図1の冷媒回路の中で、室外機10に内蔵されている四方弁2は、冷媒回路の進路方向を変更する役割を持つ。通常、冷房及び暖房の両方の機能を有する空気調和装置は、圧縮機から吐出された高温・高圧の冷媒を室外側熱交換器5に送り込んだ場合に冷房運転を行い、室内側熱交換器3に送り込んだ場合に暖房運転を行う。四方弁2はこの運転サイクルを切り替える役割を有し、四方弁2内にあるスライド弁を切り替えることで運転サイクルを自由に切り替えることが出来る。
一方、室外機10に内蔵された減圧装置4は、熱交換器によって凝縮された低温・高圧の液冷媒を、蒸発しやすい圧力まで減圧させる役割を持つ。つまり、圧縮機1から吐出された後、冷房、または暖房の運転サイクルに応じた冷媒回路の所定の経路を通過し、減圧装置4に到達するまでは、冷媒は高圧を維持しており、減圧装置4通過以降より圧縮機1の吸入口に到達するまでに通過する冷媒回路では、低圧となる。

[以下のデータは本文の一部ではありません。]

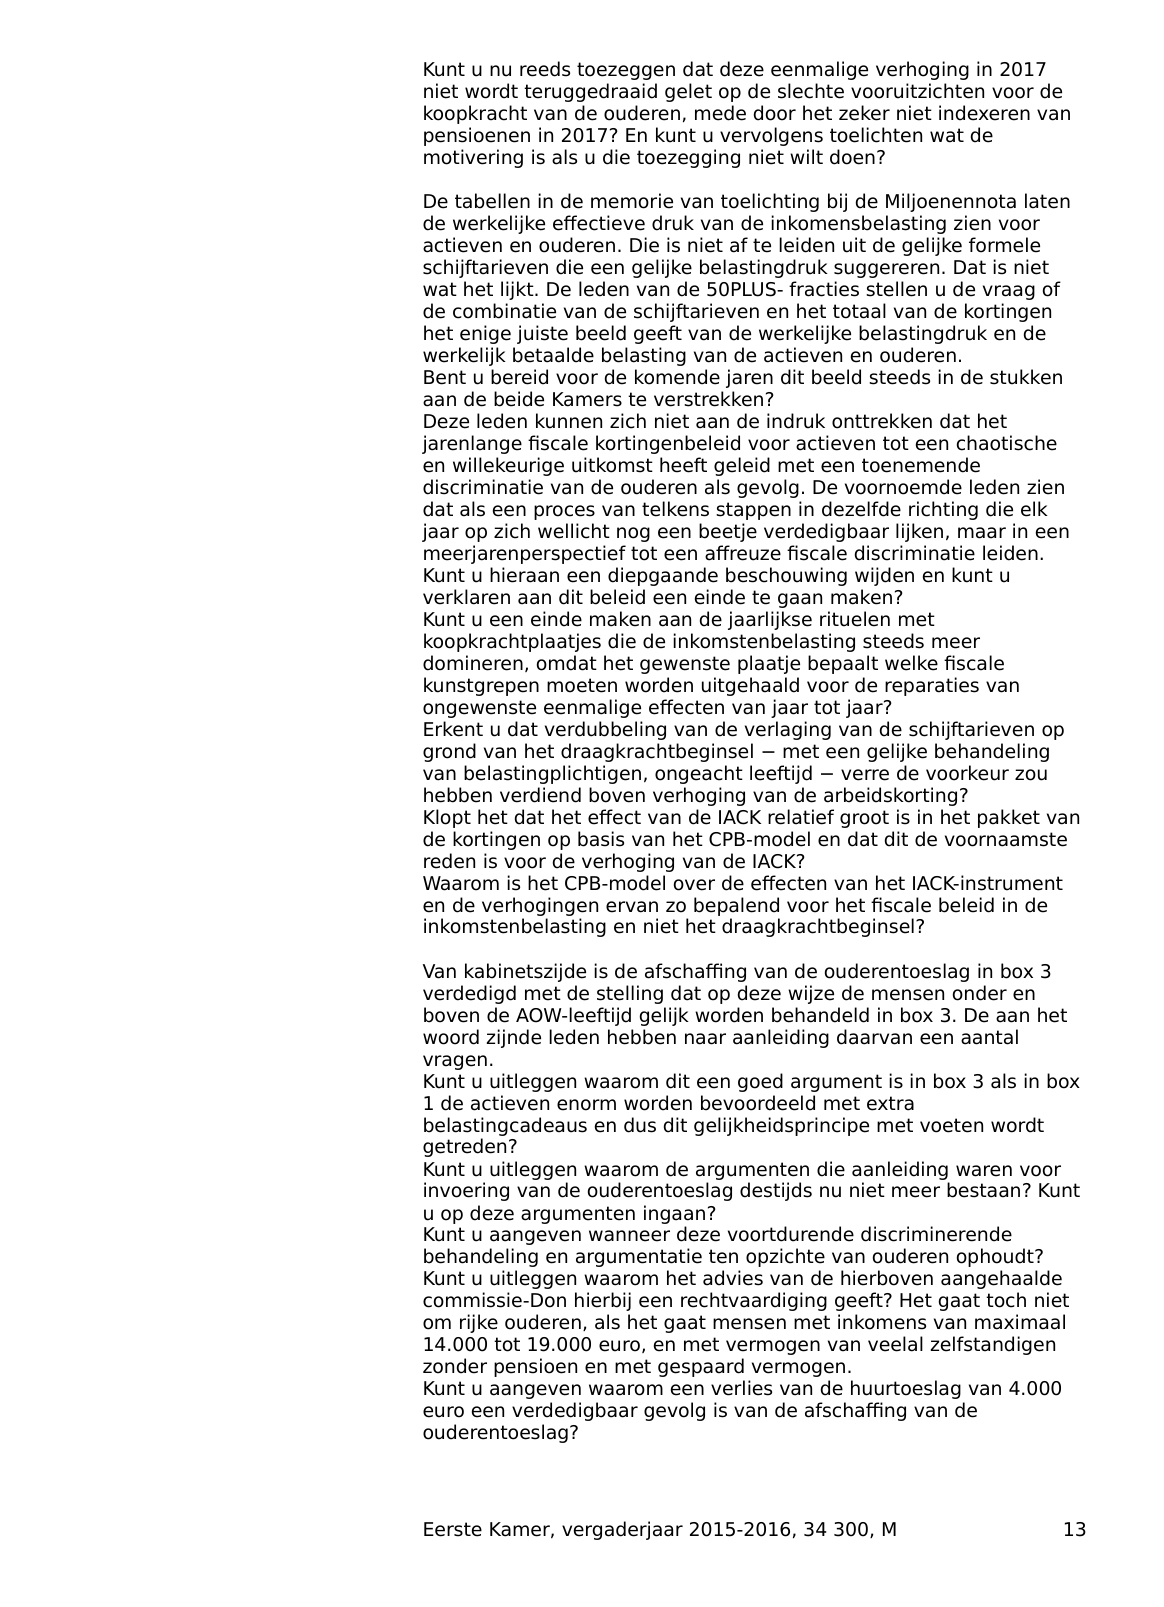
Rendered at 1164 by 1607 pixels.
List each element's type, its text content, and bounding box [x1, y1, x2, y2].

また、冷凍機油は冷媒の混入によって希釈される場合があり、冷媒希釈による冷凍機油の粘度低下が生じた場合、上記と同様に圧縮機内の冷凍機油不足状態となり圧縮機駆動軸が焼きつけを起こし、故障する恐れがある。
本実施形態を実現するためには、少なくとも圧縮機シェル温度21及び外気温度22を検知することが必要である為、図2のようにサーミスタを取付ける必要がある。また、上記2つの温度の検知条件を判断し、圧縮機モーターへの通電を判断する制御装置としての制御板23が必要である。
制御板23は圧縮機シェル温度と外気温度を比較し、条件式(1)が成り立った場合は圧縮機モーターの加熱、すなわちモーター通電を許可する。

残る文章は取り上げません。